As a side-effect of inserting itself into Python’s own code loading machinery, cinje did not have to reimplement a syntax tree generator, bytecode cache, or even error handling mechanisms. It instead simply relies on the Python runtime to provide those in their most optimized forms. This also allows cinje to benefit from language-level runtime differences between CPython (the core language runtime) and Pypy (a Python interpreter featuring Just-In-Time compilation), for example.
And where did you take them (from which engine)?
The overall syntax of cinje is a very, very close match to pyTenjin (using several optional extensions), which was the principle inspiration for the whole package. Additionally, the author of Tenjin, having implemented the engine across quite a large number of langauges (such as PHP and Perl) has also given presentations on the most efficient template execution processes possible using each language, serving as inspiration for the list append/extend/join final approach. Unfortunately, several code practices within Tenjin preclude its use, such as module compaction (one .py file, multiple importable modules), and stack frame manipulation.

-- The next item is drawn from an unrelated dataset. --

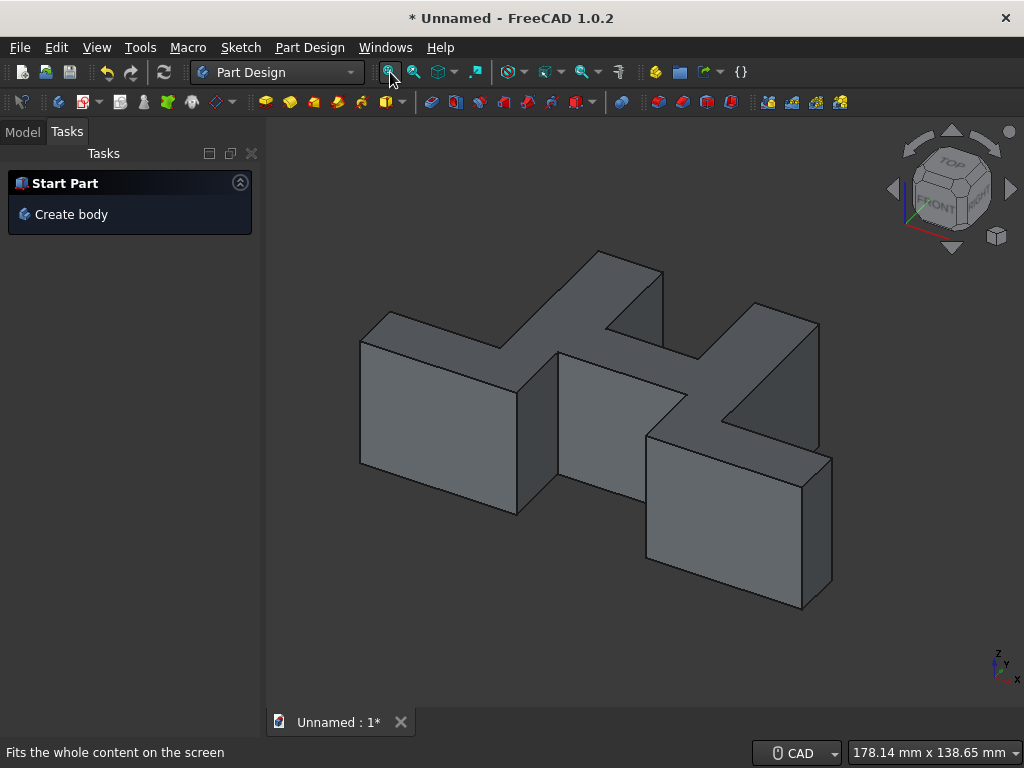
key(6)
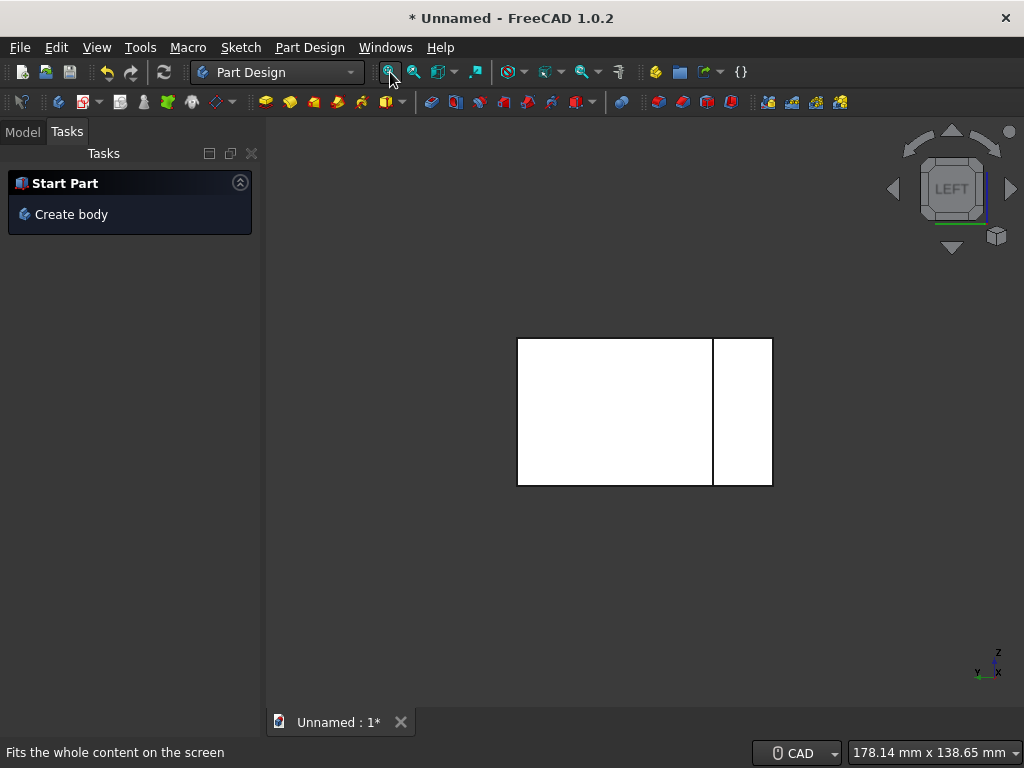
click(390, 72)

Grammar-based parser/generator is the approach taken by a large majority of engines; inspiration would have been from Mako (which we used), Jinja2, and Django’s Template package. Regular expression string replacement is the approach taken by a majority of text markup systems such as bbcode, markdown, or textile. Buffering iterative string tranlsation was an aborted attempt to simplify regular expressions out of the system due to inherant performance issues. After being dissatisfied with the simple replacement of regular expressions with native string manipulation all existing approaches were dismissed as unnessicarily complex. The result, reentrant streaming generation, is an approach not a single other template engine in Python uses; it is a seemingly unique new development.

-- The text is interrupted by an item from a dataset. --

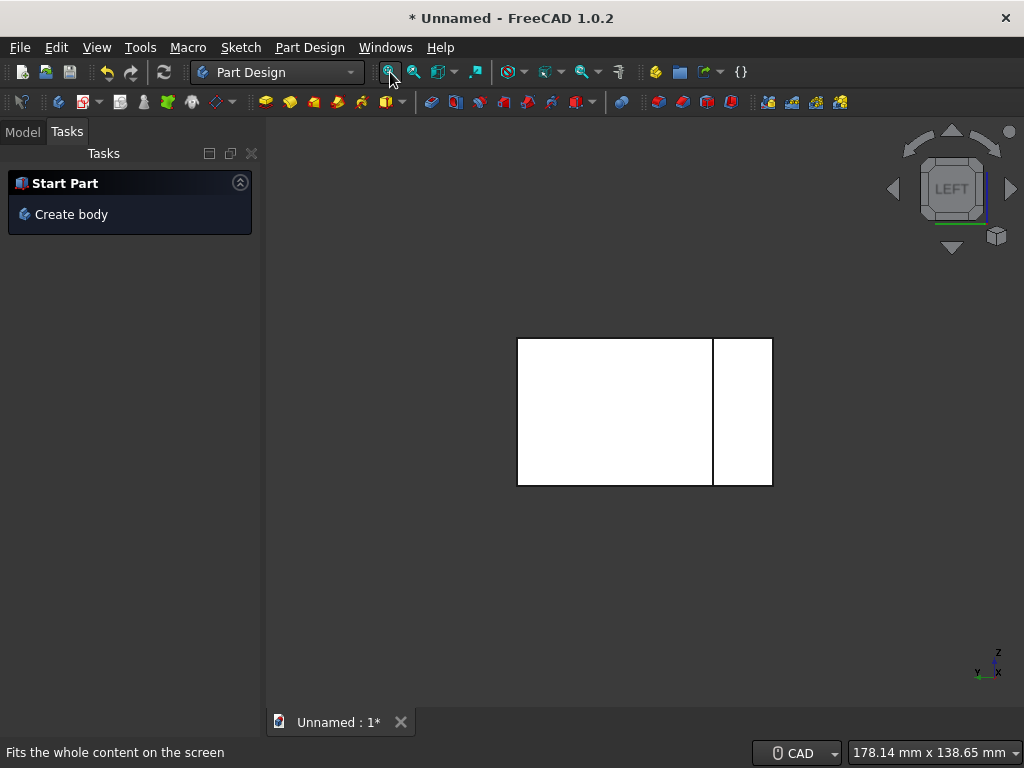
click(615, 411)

On the output front, 99.9% of alternate engines fully buffer output. Of the one competing package that offers streaming—Jinja2—only implements “bare yield” use, requiring the additional boilerplate to re-add controllable buffering.
After implementing them, what experiments or tests did you perform to validate the optimization of each approach?

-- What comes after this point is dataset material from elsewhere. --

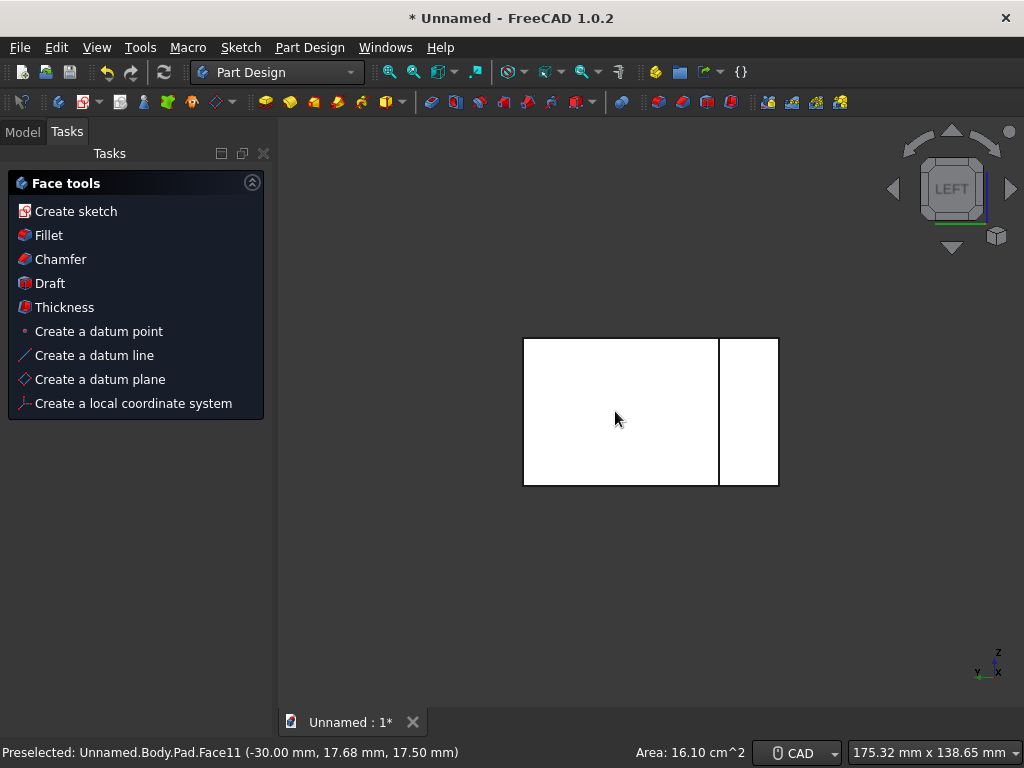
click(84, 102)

Template translation generally revolved around minimizing effort to use (boilerplate) and increased readability of the generated code. This involved writing or porting over a large number of templates of various complexity from Mako to the work-in-progress cinje, then comparing the resulting generated code, generation time, function call counts, and other statistics between the two engines processing the “same” template. It was very much a process of iterative development and refinement to identify dead-end approaches and points of optimization as quickly as possible, before they became cemented in the code. Once a baseline was measured, each subsequent modification, change, or refactoring could be rapidly compared to earlier versions, to see how performance, use, and generated code compared.